» **What you have to do**: Take the lines from the one with "An invented example" through the end of the material below and repeat them exactly, dropping every picture.
■ ■ ■
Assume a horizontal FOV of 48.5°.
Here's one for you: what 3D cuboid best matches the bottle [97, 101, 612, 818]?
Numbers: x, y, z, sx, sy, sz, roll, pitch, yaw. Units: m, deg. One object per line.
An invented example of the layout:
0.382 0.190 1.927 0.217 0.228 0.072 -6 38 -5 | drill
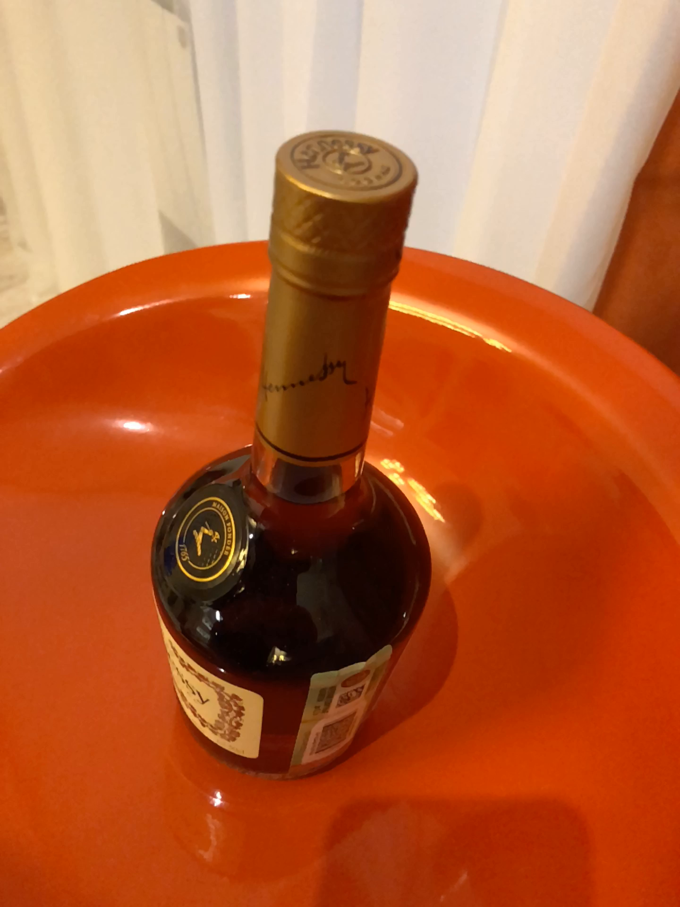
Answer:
-0.014 0.024 0.222 0.079 0.219 0.079 4 48 -4 | bottle
■ ■ ■
» **Solution to this exercise**:
An invented example of the layout:
0.382 0.190 1.927 0.217 0.228 0.072 -6 38 -5 | drill
Answer:
-0.014 0.024 0.222 0.079 0.219 0.079 4 48 -4 | bottle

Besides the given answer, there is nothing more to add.